200G QSFP56 Product Introduction

200G QSFP56 SR4

 

The 200G QSFP56 SR4 module is a full-duplex optical module based on multimode fiber. It features four independent transmit and receive channels, each capable of up to 53.125 Gb/s, and total bandwidth of 200 Gb/s. The module utilizes an 850nm wavelength parallel optical design and is compatible with 70 meters of OM3 multimode fiber (or 100 meters of OM4 fiber), making it ideal for short-distance, high-speed interconnects.

 

The interface uses an MTP/MPO-12 APC connector, compatible with standard multimode fiber patch cables. The module features a 38-pin electrical connector for high-speed signal input and output. The SR4 module offers compact design, low latency, and low power consumption, making it a popular choice for inter-cabinet interconnects or aggregation layer applications in data centers.

200G QSFP56 FR4

 

The 200G QSFP56 FR4 module is designed for medium- and long-haul optical communications and utilizes quad-wavelength multiplexing (CWDM) technology. Using four EML lasers, the module converts 4x50G PAM4 electrical signals into four optical signals with center wavelengths of 1271nm, 1291nm, 1311nm, and 1331nm, corresponding to the CWDM wavelength range defined by the ITU-T G.694.2 standard.

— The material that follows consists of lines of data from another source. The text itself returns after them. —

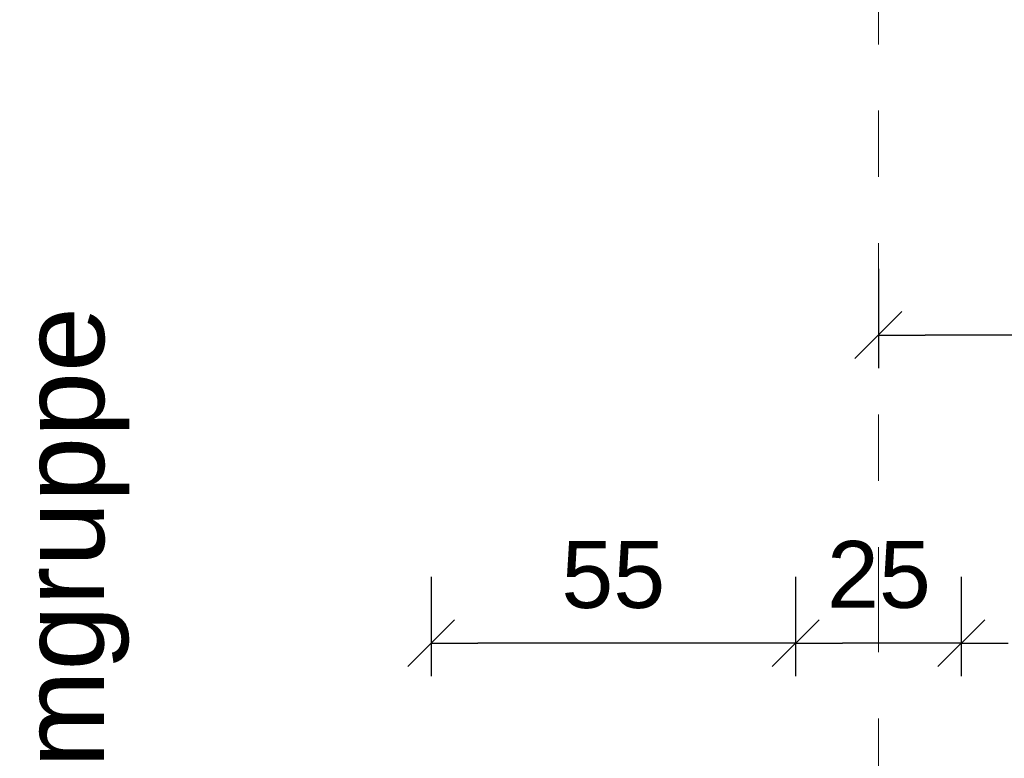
# Model space of a CAD drawing. Header units: metres. Extents: x -45.2 to 14.3, y -31.8 to 10.2.
# Tile 3 of 141: x -40.4 to -39, y -23.4 to -22.3. Entities that reach past the tile are written whole.
import ezdxf

# ---------------------------------------------------------------- set-up
doc = ezdxf.new("R2010")
doc.units = ezdxf.units.M
doc.header["$LTSCALE"] = 0.05
doc.linetypes.add('Achsen 01', pattern=[5.291531, 3.175, -1.058062, 0.352704, -0.705764])
doc.layers.get('0').update_dxf_attribs({"lineweight": 25})
doc.layers.add('030_Sonnenschutzarbeiten-Bemassung', color=7, linetype='Continuous', lineweight=13, true_color=0xff6633)
doc.layers.add('AV1-Achsen', color=1, linetype='Achsen 01', lineweight=18, true_color=0xff0000)
doc.layers.add('Bemaßung-Bemaßung', color=7, linetype='Continuous', lineweight=9)
doc.styles.add('Arial', font='arial.ttf')

msp = doc.modelspace()

# ---------------------------------------------------------------- linework, layer by layer
at = {"color": 0, "linetype": 'Continuous', "lineweight": 15}
for p, q in [((-39.1854, -22.8454), (-39.1146, -22.7746)), ((-39.8604, -23.3104), (-39.7896, -23.2396)), ((-39.2396, -23.2396), (-39.3104, -23.3104)), ((-39.3104, -23.3104), (-39.2396, -23.2396)), ((-38.9896, -23.2396), (-39.0604, -23.3104)), ((-39.0604, -23.3104), (-38.9896, -23.2396))]:
    msp.add_line(p, q, dxfattribs=at)
at = {"color": 0, "linetype": 'ByBlock', "lineweight": -2}
for p, q in [((-39.15, -22.81), (-39.0793, -22.81)), ((-39.825, -23.275), (-39.7543, -23.275)), ((-39.275, -23.275), (-39.3457, -23.275)), ((-39.275, -23.275), (-39.2043, -23.275)), ((-39.025, -23.275), (-39.0957, -23.275)), ((-39.025, -23.275), (-38.9543, -23.275))]:
    msp.add_line(p, q, dxfattribs=at)
at = {"layer": '030_Sonnenschutzarbeiten-Bemassung', "color": 0, "lineweight": -2}
for p, q in [((-39.15, -22.71), (-39.15, -22.86)), ((-37.8707, -22.81), (-39.0793, -22.81))]:
    msp.add_line(p, q, dxfattribs=at)
at = {"layer": 'AV1-Achsen'}
msp.add_line((-39.15, -26.5), (-39.15, 4.9), dxfattribs=at)
at = {"layer": 'Bemaßung-Bemaßung', "color": 0, "linetype": 'Continuous', "lineweight": -2}
for p, q in [((-39.825, -23.175), (-39.825, -23.325)), ((-39.275, -23.175), (-39.275, -23.325)), ((-39.275, -23.175), (-39.275, -23.325)), ((-39.025, -23.175), (-39.025, -23.325)), ((-39.025, -23.175), (-39.025, -23.325)), ((-39.3457, -23.275), (-39.7543, -23.275)), ((-39.0957, -23.275), (-39.2043, -23.275))]:
    msp.add_line(p, q, dxfattribs=at)
at = {"layer": 'Defpoints', "color": 0, "lineweight": 0}
for p, q in [((-39.15, -22.81), (-39.15, -22.81)), ((-39.825, -23.275), (-39.825, -23.275)), ((-39.275, -23.275), (-39.275, -23.275)), ((-39.025, -23.275), (-39.025, -23.275))]:
    msp.add_line(p, q, dxfattribs=at)

# ---------------------------------------------------------------- texts
at = {"layer": 'Bemaßung-Bemaßung', "insert": (-40.2805, -23.786), "char_height": 0.12609, "attachment_point": 7, "rotation": 90, "style": 'Arial'}
msp.add_mtext('Raumgruppe', dxfattribs=at)
at = {"layer": 'Bemaßung-Bemaßung', "color": 0, "char_height": 0.10087, "attachment_point": 7, "style": 'Arial'}
for s, insert in [('55', (-39.6285, -23.2233)), ('25', (-39.2276, -23.2231))]:
    msp.add_mtext(s, dxfattribs=dict(at, insert=insert))

doc.saveas('drawing.dxf')

It uses a duplex LC connector for the optical part and also has a 38-pin electrical interface, which allows it to send signals over distances of up to 2 kilometres. The FR4 module is better than the SR4 module for connecting equipment rooms or campus-level networks. It can send information over longer distances while using less power. It is one of the options that can be used for a wider range of applications in the 200G QSFP56 series.

Conclusion

 

While QSFP-DD currently dominates 400G Ethernet, this doesn't mean QSFP56 is obsolete. For data centers where bandwidth requirements haven't yet reached 400G, the 200G QSFP56 optical module remains a reliable and efficient solution. It strikes an excellent balance between performance, power consumption, and compatibility, making it a viable option for bandwidth upgrades in medium- to large-scale networks.

For those planning a gradual transition to 400G, the 200G QSFP-DD optical module offers a more cost-effective solution. This form factor is compatible with future higher-speed network architectures, preserving the investment value of existing systems while facilitating smooth future expansion to 400G. In other words, QSFP56 is suitable for current stable operating environments, while QSFP-DD is more of a transitional option for the next phase.